Si el sentido es aquello que
buscamos, el sinsentido vendría a ser un agujero, un hueco en nuestra
vida que se hace presente de manera repentina. En cuanto lo sientes,
surge la necesidad de salir corriendo a “llenarlo”, porque al final de
cuentas, es una “necesidad”. Es por ello que intentamos llenar nuestros
vacíos existenciales con “cosas”, que de manera inmediata producirán
satisfacción: saturando nuestras vidas de placer, de lujos, de
comodidad; comiendo más allá de nuestras necesidades; teniendo sexo
promiscuo; o quizás volcándonos exclusivamente al trabajo (adicción al
trabajo, o workoholic); conformándonos con los acontecimientos; o llenar
nuestra vida de preocupaciones. Cualquiera que sea la forma de intentar
llenar esa sensación que produce un hueco en alguna parte de nosotros,
no lo logra. Por el contrario, la sensación se hace cada vez mayor, y
aquello con lo cual intentamos hacerlo desaparecer no es suficiente, por
lo que requieres de cada vez más y más.
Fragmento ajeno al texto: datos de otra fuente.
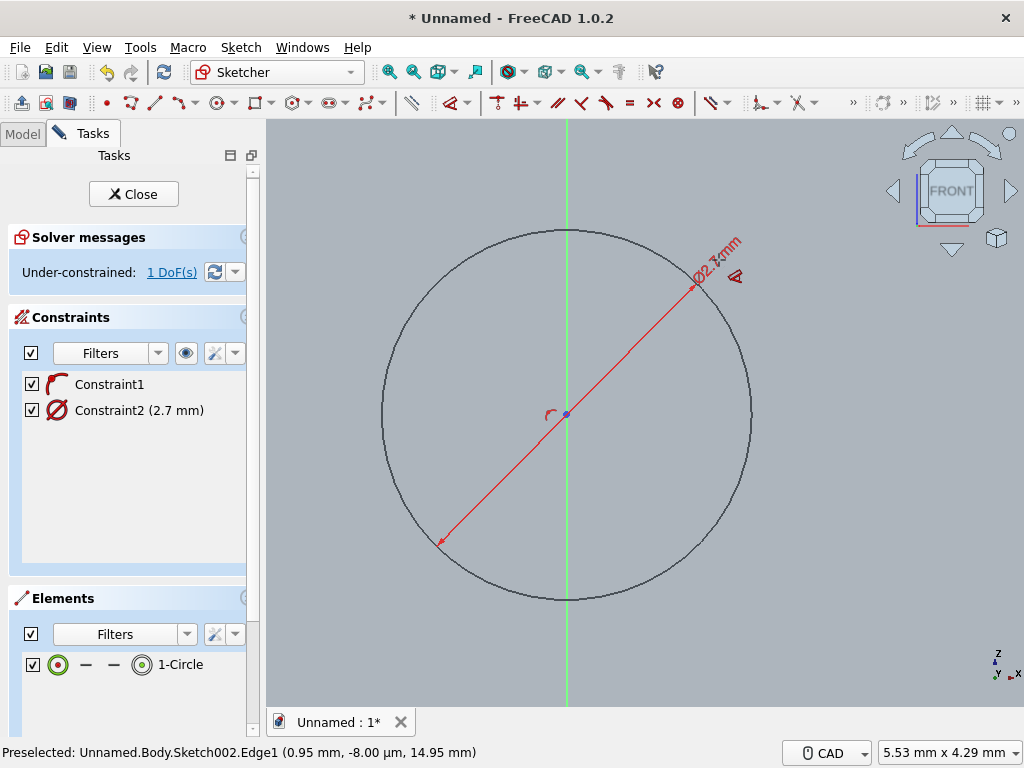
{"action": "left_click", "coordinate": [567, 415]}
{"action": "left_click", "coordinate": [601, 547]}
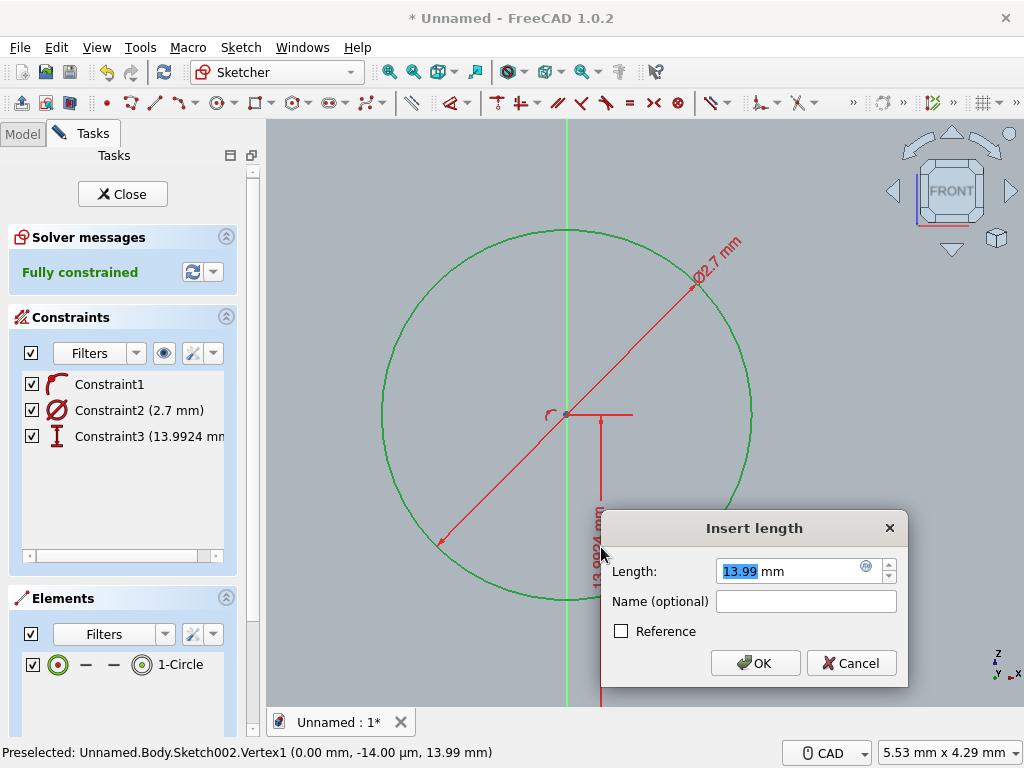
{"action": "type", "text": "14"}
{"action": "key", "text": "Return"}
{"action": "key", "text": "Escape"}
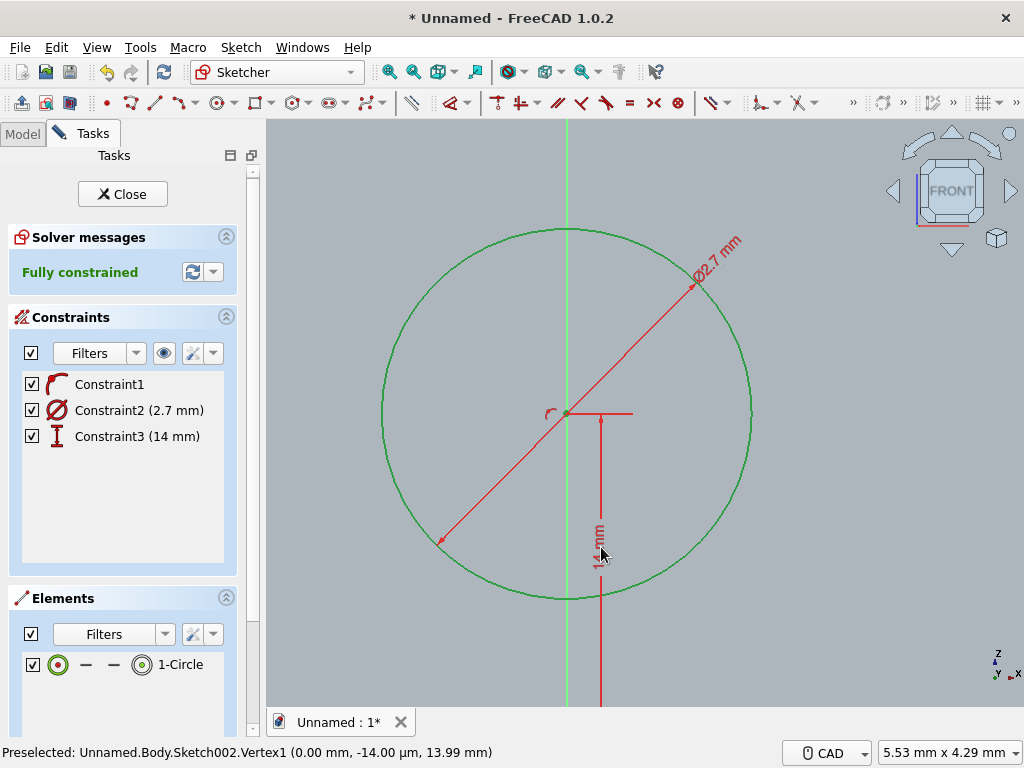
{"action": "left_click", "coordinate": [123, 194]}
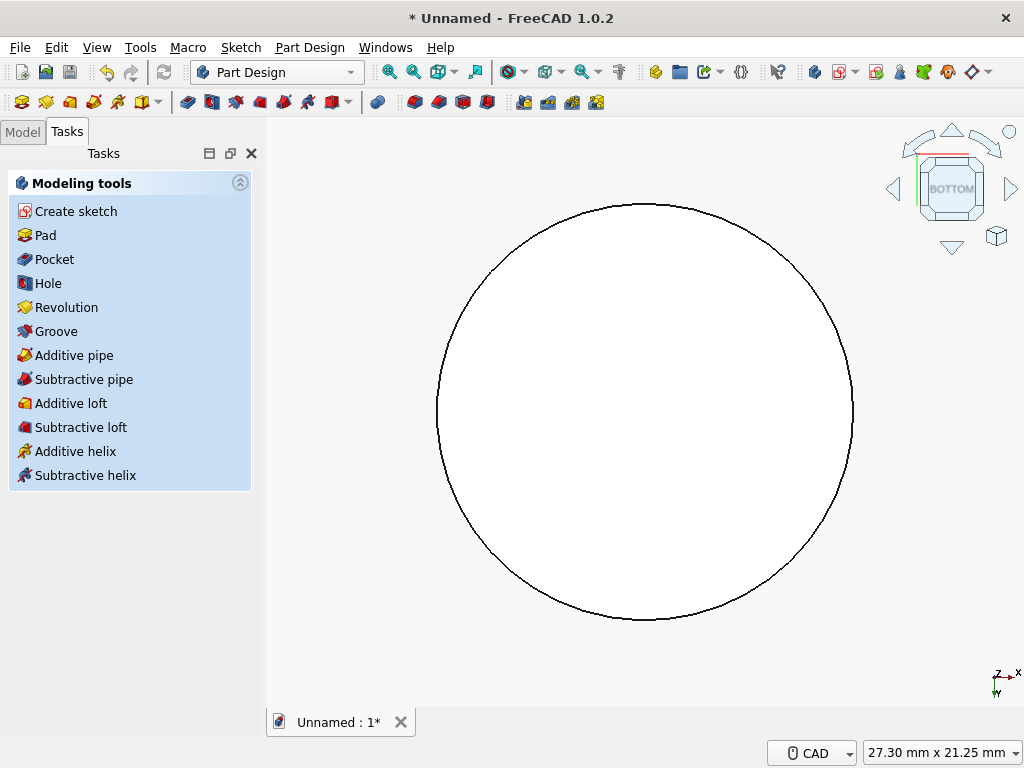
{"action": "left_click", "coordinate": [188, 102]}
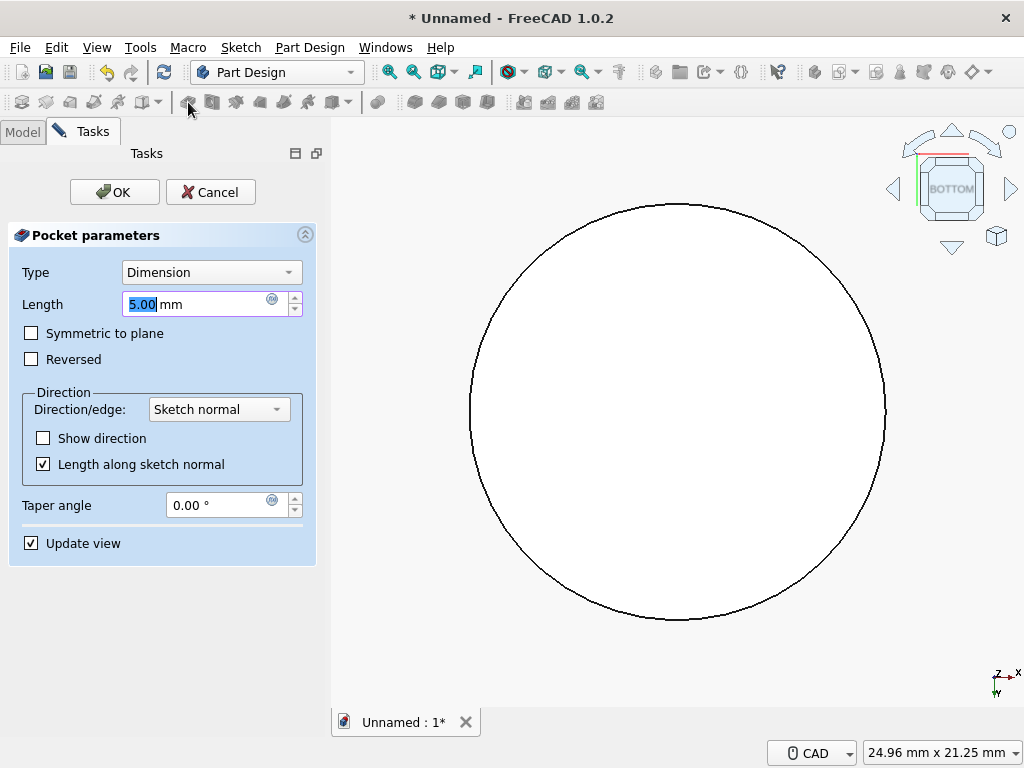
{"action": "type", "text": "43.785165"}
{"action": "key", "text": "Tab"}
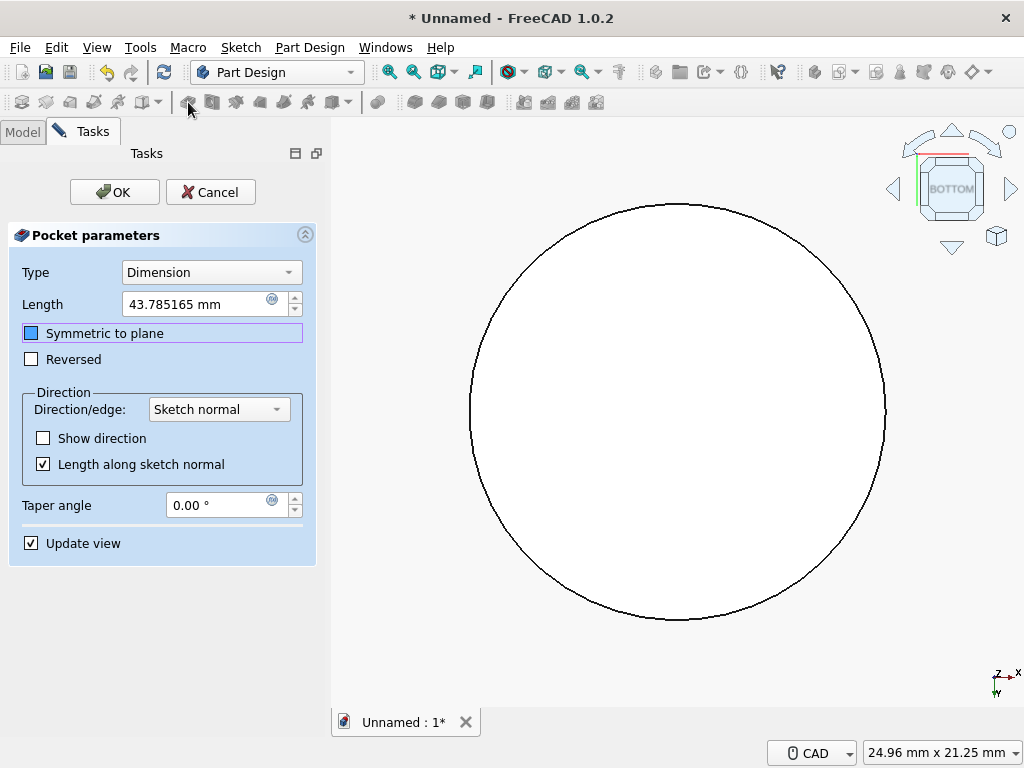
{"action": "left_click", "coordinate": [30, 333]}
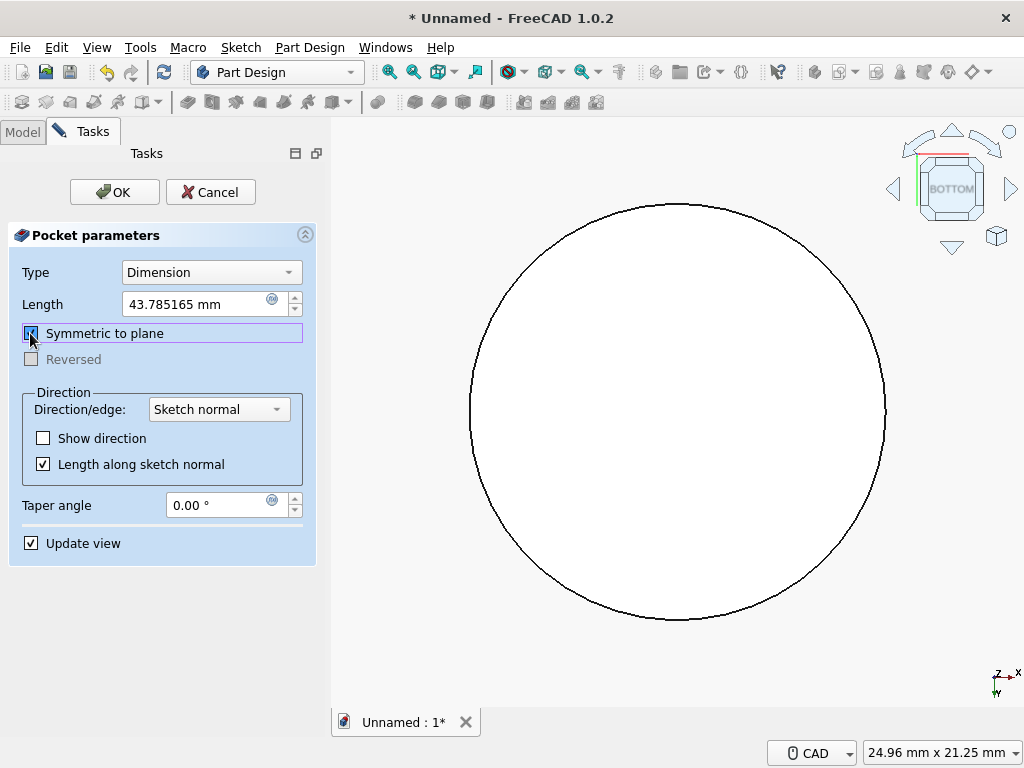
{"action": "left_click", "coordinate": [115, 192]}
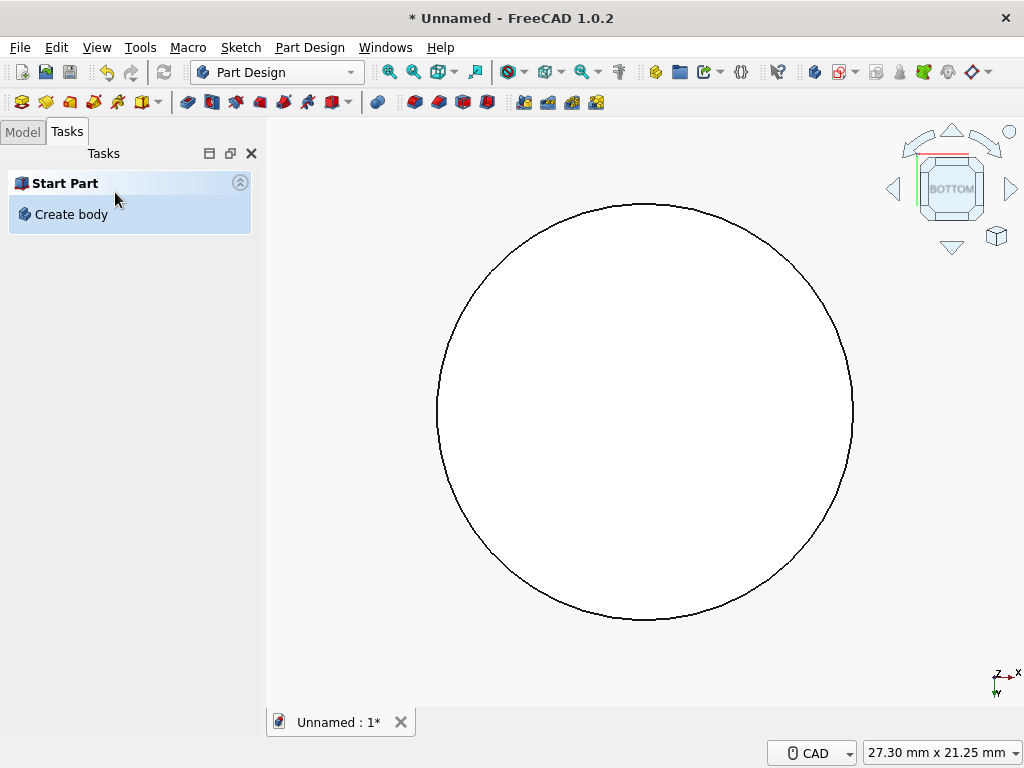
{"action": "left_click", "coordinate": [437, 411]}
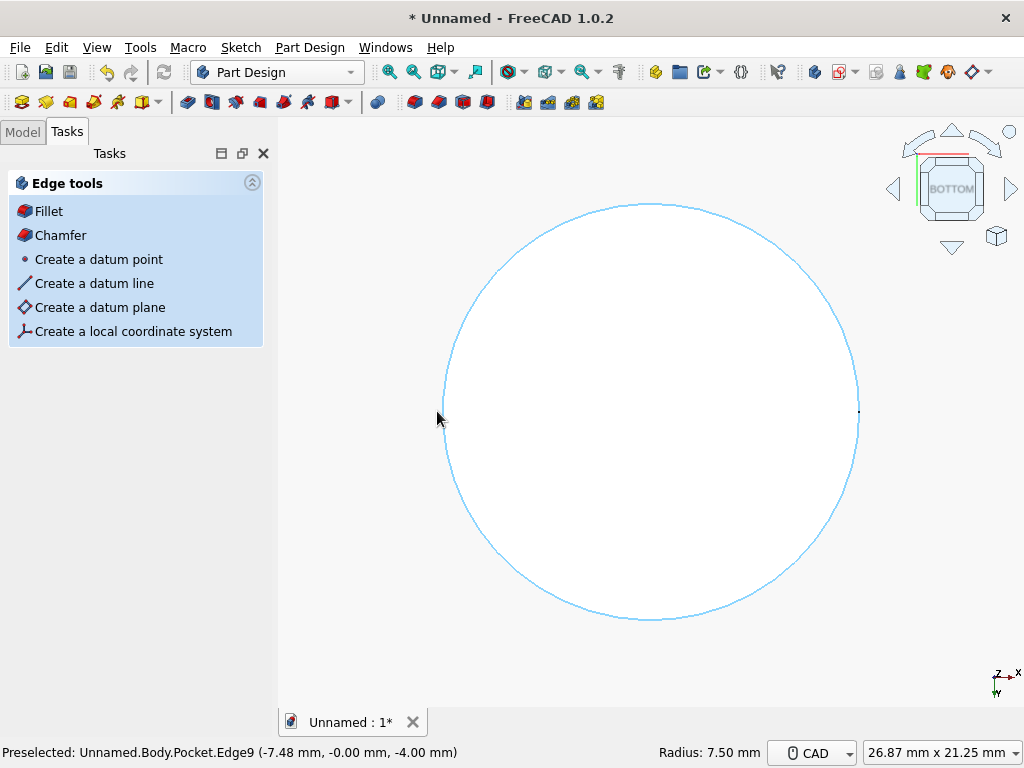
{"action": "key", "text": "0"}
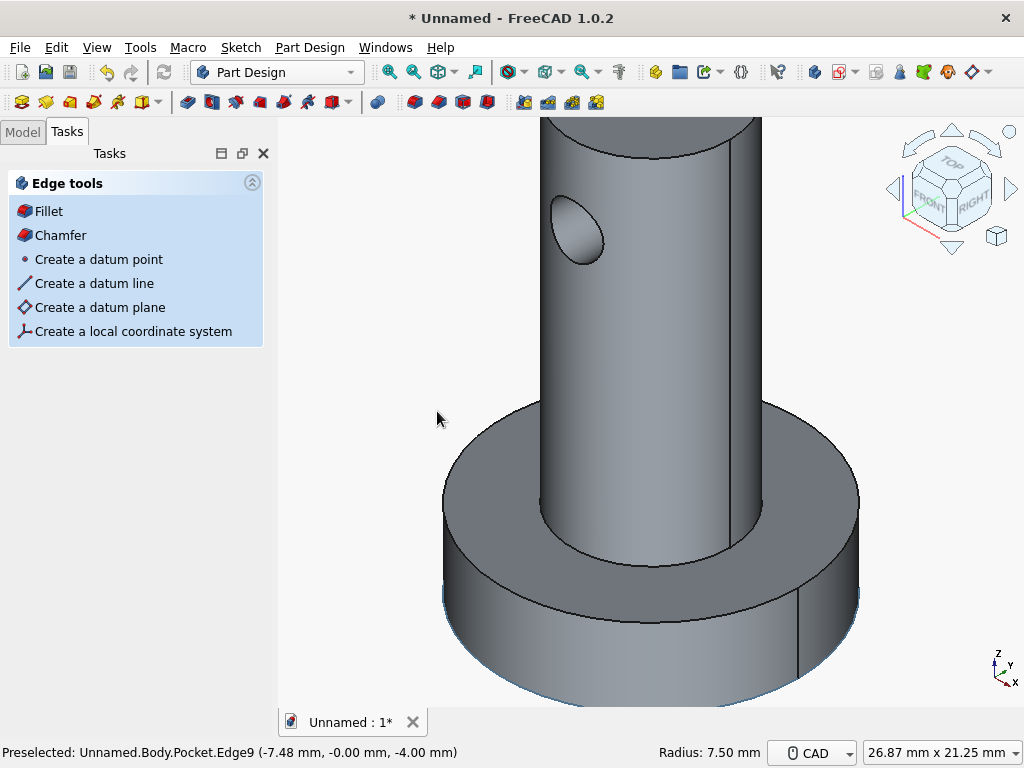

Y cuando parece no existir nada
que pueda alejarnos de este vacío, de alejar esta sensación, la muerte
empieza a ser una opción.
La búsqueda del ser humano por encontrar
un sentido de vida constituye una fuerza primaria. Dicho sentido es
único y específico para cada una de las personas, y corresponde a cada
uno encontrarlo. Más que preguntar “qué puedo esperar de la vida”, hay
que preguntarnos de manera personal: ¿qué espera la vida de mí? ¿Hay
algo que puedo hacer yo y nadie más que yo? ¿Existe algún proyecto que
desearía muchísimo realizar? ¿Acaso he dejado de hacer aquello que tanto
me apasionaba por causa de los “deberes” del mundo? ¿Puedo ser
testimonio de la libertad del ser humano al trasformar la tragedia, la
enfermedad, el fracaso en un logro personal? ¿Soy capaz de amar a
alguien?
“Sólo la muerte es lo que da sentido a la vida”, ya que
al darnos cuenta de nuestra existencia es breve, tendemos a encontrar la
manera de trascender, de dejar “huella”. Así que, a pesar de todos los
problemas con los que tengamos que enfrentarnos, la vida vale la pena
ser vivida, y más aún cuando el hombre pone en práctica la fuerza de
oposición del espíritu frente al destino. El sentido quizás cambie, pero
nunca faltará. En realidad, tan sólo existe un problema verdaderamente
serio, y es juzgar si la vida vale o no la pena ser vivida. Y la vida
vale la pena, porque hay razones, hay muchos motivos por los cuales
vivir, y esto es lo que le da sentido a la existencia humana.